Dataset content.
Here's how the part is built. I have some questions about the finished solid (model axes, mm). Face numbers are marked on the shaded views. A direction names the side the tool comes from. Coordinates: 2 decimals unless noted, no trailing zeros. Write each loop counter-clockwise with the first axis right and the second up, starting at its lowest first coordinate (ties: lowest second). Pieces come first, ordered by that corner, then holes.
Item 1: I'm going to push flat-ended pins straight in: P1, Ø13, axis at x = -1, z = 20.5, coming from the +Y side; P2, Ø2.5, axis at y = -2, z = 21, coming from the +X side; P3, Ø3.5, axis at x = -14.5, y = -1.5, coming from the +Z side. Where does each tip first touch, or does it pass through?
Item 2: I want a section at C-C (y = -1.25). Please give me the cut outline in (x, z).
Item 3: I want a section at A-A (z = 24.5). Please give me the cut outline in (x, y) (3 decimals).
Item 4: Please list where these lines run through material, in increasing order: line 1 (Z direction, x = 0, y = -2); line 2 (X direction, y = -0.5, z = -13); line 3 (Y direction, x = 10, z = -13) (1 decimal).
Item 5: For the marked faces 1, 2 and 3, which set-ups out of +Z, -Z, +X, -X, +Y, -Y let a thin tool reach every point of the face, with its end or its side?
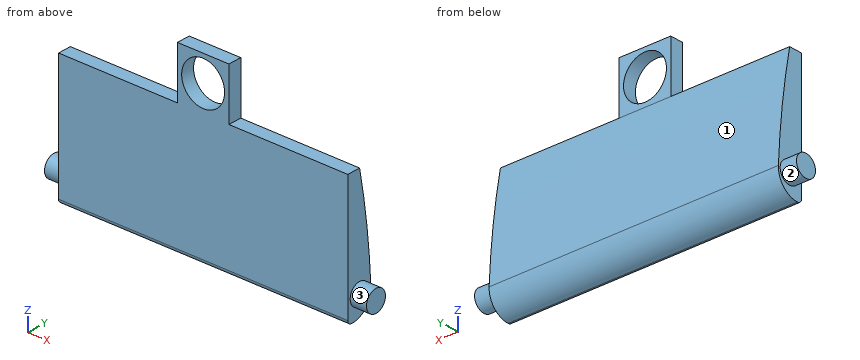
from build123d import *

# Parameters (mm, degrees)
F2_DEPTH = 3.125
F1_W     = 12
F1_H     = 12
F1_R     = 5
F3_DEPTH = 3.125
F4_R     = 2.5
F6_DEPTH = 3.81
F5_R     = 2.5
F7_DEPTH = 3.81
F8_DEPTH = 67.38
F9_R     = 5
F10_R    = 1


with BuildPart() as f2:
    # F1 (on Front) → F2 (new body, symmetric)
    with BuildSketch(Plane.XZ):
        Polygon((-6, 15), (-33.69, 15), (-33.69, -15), (33.69, -15), (33.69, 15), (6, 15), align=None)
    extrude(amount=F2_DEPTH, both=True)

    # F1 (on Front) → F3 (join, through all)
    with BuildSketch(Plane.XZ):
        with Locations((0, 21)):
            Rectangle(F1_W, F1_H)
        with Locations((0, 21)):
            Circle(F1_R, mode=Mode.SUBTRACT)
    extrude(amount=F3_DEPTH)

    # F4 (on face) → F6 (join)
    with BuildSketch(Plane.YZ.offset(33.69)):
        with Locations((0, -10)):
            Circle(F4_R)
    extrude(amount=F6_DEPTH)

    # F5 (on face) → F7 (join)
    with BuildSketch(Plane(origin=(-33.69, 0, 0), x_dir=(0, -1, 0), z_dir=(-1, 0, 0))):
        with Locations((0, -10)):
            Circle(F5_R)
    extrude(amount=F7_DEPTH)

    # F4 (on face) → F8 (cut, through all)
    with BuildSketch(Plane.YZ.offset(33.69)):
        with BuildLine():
            ThreePointArc((0, 15), (2.2291595567, 0.0694437038), (3.125, -15))
            Line((3.125, -15), (3.125, 15))
            Line((3.125, 15), (0, 15))
        make_face()
    extrude(amount=-F8_DEPTH, mode=Mode.SUBTRACT)

    # F9
    f9_edges = [f2.edges().sort_by_distance(p)[0] for p in [
        (0, 3.125, -15),
    ]]
    fillet(f9_edges, radius=F9_R)

    # F10
    f10_edges = [f2.edges().sort_by_distance(p)[0] for p in [
        (0, -3.125, -15),
    ]]
    fillet(f10_edges, radius=F10_R)


solid = f2.part
Answer:
1. P1: stops at y = 0.19
1. P2: stops at x = 6
1. P3: stops at z = 15
2. outline: (-37.5, -12.17) - (-33.69, -12.17) - (-33.69, -14.94) - (33.69, -14.94) - (33.69, -12.17) - (37.5, -12.17) - (37.5, -7.83) - (33.69, -7.83) - (33.69, 15) - (6, 15) - (6, 27) - (-6, 27) - (-6, 15) - (-33.69, 15) - (-33.69, -7.83) - (-37.5, -7.83) - close; hole circle Ø10 at (0, 21)
3. outline: (-6, -3.125) - (-3.571, -3.125) - (-3.571, 0) - (-6, 0) - close; (3.571, -3.125) - (6, -3.125) - (6, 0) - (3.571, 0) - close
4. line 1: z = -15 to 16, 26 to 27
4. line 2: x = -33.69 to 33.69
4. line 3: y = -3.1 to 2
5. face 1: +Z, +X, -X, +Y
5. face 2: -X
5. face 3: +X

Required action.
A faithful copy of all the entries is required, pictures excluded.

Written reply.
Here's how the part is built. I have some questions about the finished solid (model axes, mm). Face numbers are marked on the shaded views. A direction names the side the tool comes from. Coordinates: 2 decimals unless noted, no trailing zeros. Write each loop counter-clockwise with the first axis right and the second up, starting at its lowest first coordinate (ties: lowest second). Pieces come first, ordered by that corner, then holes.
Item 1: I'm going to push flat-ended pins straight in: P1, Ø13, axis at x = -1, z = 20.5, coming from the +Y side; P2, Ø2.5, axis at y = -2, z = 21, coming from the +X side; P3, Ø3.5, axis at x = -14.5, y = -1.5, coming from the +Z side. Where does each tip first touch, or does it pass through?
Item 2: I want a section at C-C (y = -1.25). Please give me the cut outline in (x, z).
Item 3: I want a section at A-A (z = 24.5). Please give me the cut outline in (x, y) (3 decimals).
Item 4: Please list where these lines run through material, in increasing order: line 1 (Z direction, x = 0, y = -2); line 2 (X direction, y = -0.5, z = -13); line 3 (Y direction, x = 10, z = -13) (1 decimal).
Item 5: For the marked faces 1, 2 and 3, which set-ups out of +Z, -Z, +X, -X, +Y, -Y let a thin tool reach every point of the face, with its end or its side?
from build123d import *

# Parameters (mm, degrees)
F2_DEPTH = 3.125
F1_W     = 12
F1_H     = 12
F1_R     = 5
F3_DEPTH = 3.125
F4_R     = 2.5
F6_DEPTH = 3.81
F5_R     = 2.5
F7_DEPTH = 3.81
F8_DEPTH = 67.38
F9_R     = 5
F10_R    = 1


with BuildPart() as f2:
    # F1 (on Front) → F2 (new body, symmetric)
    with BuildSketch(Plane.XZ):
        Polygon((-6, 15), (-33.69, 15), (-33.69, -15), (33.69, -15), (33.69, 15), (6, 15), align=None)
    extrude(amount=F2_DEPTH, both=True)

    # F1 (on Front) → F3 (join, through all)
    with BuildSketch(Plane.XZ):
        with Locations((0, 21)):
            Rectangle(F1_W, F1_H)
        with Locations((0, 21)):
            Circle(F1_R, mode=Mode.SUBTRACT)
    extrude(amount=F3_DEPTH)

    # F4 (on face) → F6 (join)
    with BuildSketch(Plane.YZ.offset(33.69)):
        with Locations((0, -10)):
            Circle(F4_R)
    extrude(amount=F6_DEPTH)

    # F5 (on face) → F7 (join)
    with BuildSketch(Plane(origin=(-33.69, 0, 0), x_dir=(0, -1, 0), z_dir=(-1, 0, 0))):
        with Locations((0, -10)):
            Circle(F5_R)
    extrude(amount=F7_DEPTH)

    # F4 (on face) → F8 (cut, through all)
    with BuildSketch(Plane.YZ.offset(33.69)):
        with BuildLine():
            ThreePointArc((0, 15), (2.2291595567, 0.0694437038), (3.125, -15))
            Line((3.125, -15), (3.125, 15))
            Line((3.125, 15), (0, 15))
        make_face()
    extrude(amount=-F8_DEPTH, mode=Mode.SUBTRACT)

    # F9
    f9_edges = [f2.edges().sort_by_distance(p)[0] for p in [
        (0, 3.125, -15),
    ]]
    fillet(f9_edges, radius=F9_R)

    # F10
    f10_edges = [f2.edges().sort_by_distance(p)[0] for p in [
        (0, -3.125, -15),
    ]]
    fillet(f10_edges, radius=F10_R)


solid = f2.part
Answer:
1. P1: stops at y = 0.19
1. P2: stops at x = 6
1. P3: stops at z = 15
2. outline: (-37.5, -12.17) - (-33.69, -12.17) - (-33.69, -14.94) - (33.69, -14.94) - (33.69, -12.17) - (37.5, -12.17) - (37.5, -7.83) - (33.69, -7.83) - (33.69, 15) - (6, 15) - (6, 27) - (-6, 27) - (-6, 15) - (-33.69, 15) - (-33.69, -7.83) - (-37.5, -7.83) - close; hole circle Ø10 at (0, 21)
3. outline: (-6, -3.125) - (-3.571, -3.125) - (-3.571, 0) - (-6, 0) - close; (3.571, -3.125) - (6, -3.125) - (6, 0) - (3.571, 0) - close
4. line 1: z = -15 to 16, 26 to 27
4. line 2: x = -33.69 to 33.69
4. line 3: y = -3.1 to 2
5. face 1: +Z, +X, -X, +Y
5. face 2: -X
5. face 3: +X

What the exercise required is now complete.